**Try it**
Retype, word for word, every line from the one holding "Document page, 1241x1754 pixels." through the one holding "List each element's" in the entries below, both included, and only those lines.
===== Given information
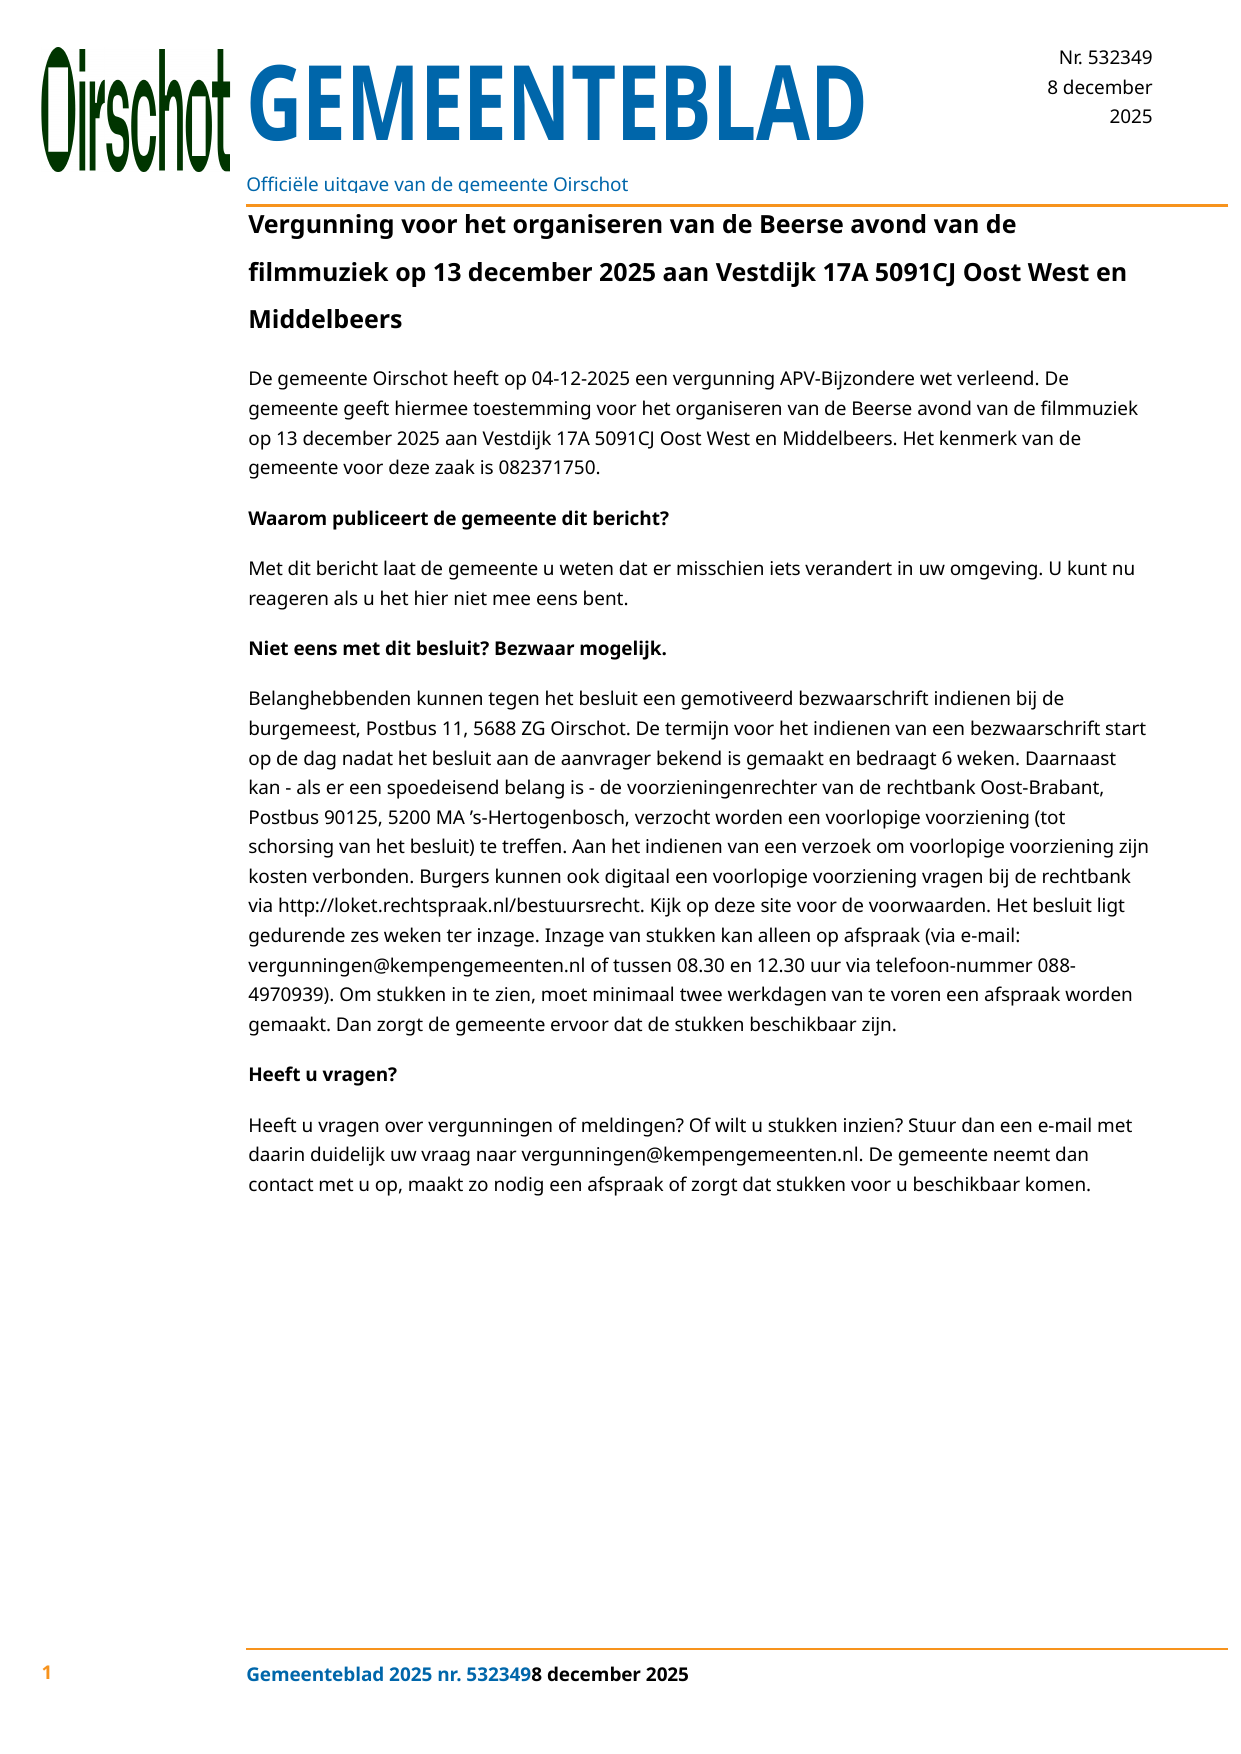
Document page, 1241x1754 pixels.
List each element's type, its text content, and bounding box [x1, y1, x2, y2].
==========
===== Given information
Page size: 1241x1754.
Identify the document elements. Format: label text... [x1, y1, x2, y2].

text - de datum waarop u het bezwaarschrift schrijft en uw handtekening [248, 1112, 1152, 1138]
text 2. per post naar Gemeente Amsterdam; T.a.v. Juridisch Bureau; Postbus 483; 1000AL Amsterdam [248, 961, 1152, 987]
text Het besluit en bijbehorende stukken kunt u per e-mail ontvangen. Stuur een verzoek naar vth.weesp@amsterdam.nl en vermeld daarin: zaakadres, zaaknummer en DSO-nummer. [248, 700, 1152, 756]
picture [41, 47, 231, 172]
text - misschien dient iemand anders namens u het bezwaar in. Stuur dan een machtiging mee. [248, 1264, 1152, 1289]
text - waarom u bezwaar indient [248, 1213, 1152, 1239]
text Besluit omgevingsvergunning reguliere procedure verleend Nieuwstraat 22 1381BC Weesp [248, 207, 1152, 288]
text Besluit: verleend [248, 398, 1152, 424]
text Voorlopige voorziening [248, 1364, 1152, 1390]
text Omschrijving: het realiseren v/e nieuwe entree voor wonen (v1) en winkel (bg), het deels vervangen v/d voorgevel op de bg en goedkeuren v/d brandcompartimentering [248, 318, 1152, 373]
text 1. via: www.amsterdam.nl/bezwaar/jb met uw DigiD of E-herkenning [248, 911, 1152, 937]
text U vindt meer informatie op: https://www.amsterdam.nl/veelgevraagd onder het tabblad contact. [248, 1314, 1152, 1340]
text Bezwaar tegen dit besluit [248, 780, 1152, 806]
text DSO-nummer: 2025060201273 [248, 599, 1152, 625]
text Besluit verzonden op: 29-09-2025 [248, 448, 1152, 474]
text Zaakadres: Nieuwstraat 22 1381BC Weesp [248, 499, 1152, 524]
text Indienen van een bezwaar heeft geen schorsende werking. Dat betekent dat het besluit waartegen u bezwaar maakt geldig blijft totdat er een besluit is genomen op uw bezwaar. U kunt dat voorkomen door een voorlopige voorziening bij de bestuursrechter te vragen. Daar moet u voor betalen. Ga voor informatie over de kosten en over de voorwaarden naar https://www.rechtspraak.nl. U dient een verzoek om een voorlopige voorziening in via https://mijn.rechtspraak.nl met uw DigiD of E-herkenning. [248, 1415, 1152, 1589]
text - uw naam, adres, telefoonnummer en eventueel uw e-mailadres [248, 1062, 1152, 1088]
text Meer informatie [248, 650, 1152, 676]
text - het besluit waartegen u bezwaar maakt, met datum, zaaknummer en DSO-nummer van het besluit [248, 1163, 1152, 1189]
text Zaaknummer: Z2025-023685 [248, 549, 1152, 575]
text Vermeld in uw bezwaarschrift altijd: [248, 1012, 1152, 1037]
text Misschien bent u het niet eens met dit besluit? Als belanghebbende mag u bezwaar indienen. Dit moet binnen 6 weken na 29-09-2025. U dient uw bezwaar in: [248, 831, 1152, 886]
==========
**Response to the task**
Document page, 1241x1754 pixels.
List each element's type, its text content, and bounding box [x1, y1, x2, y2].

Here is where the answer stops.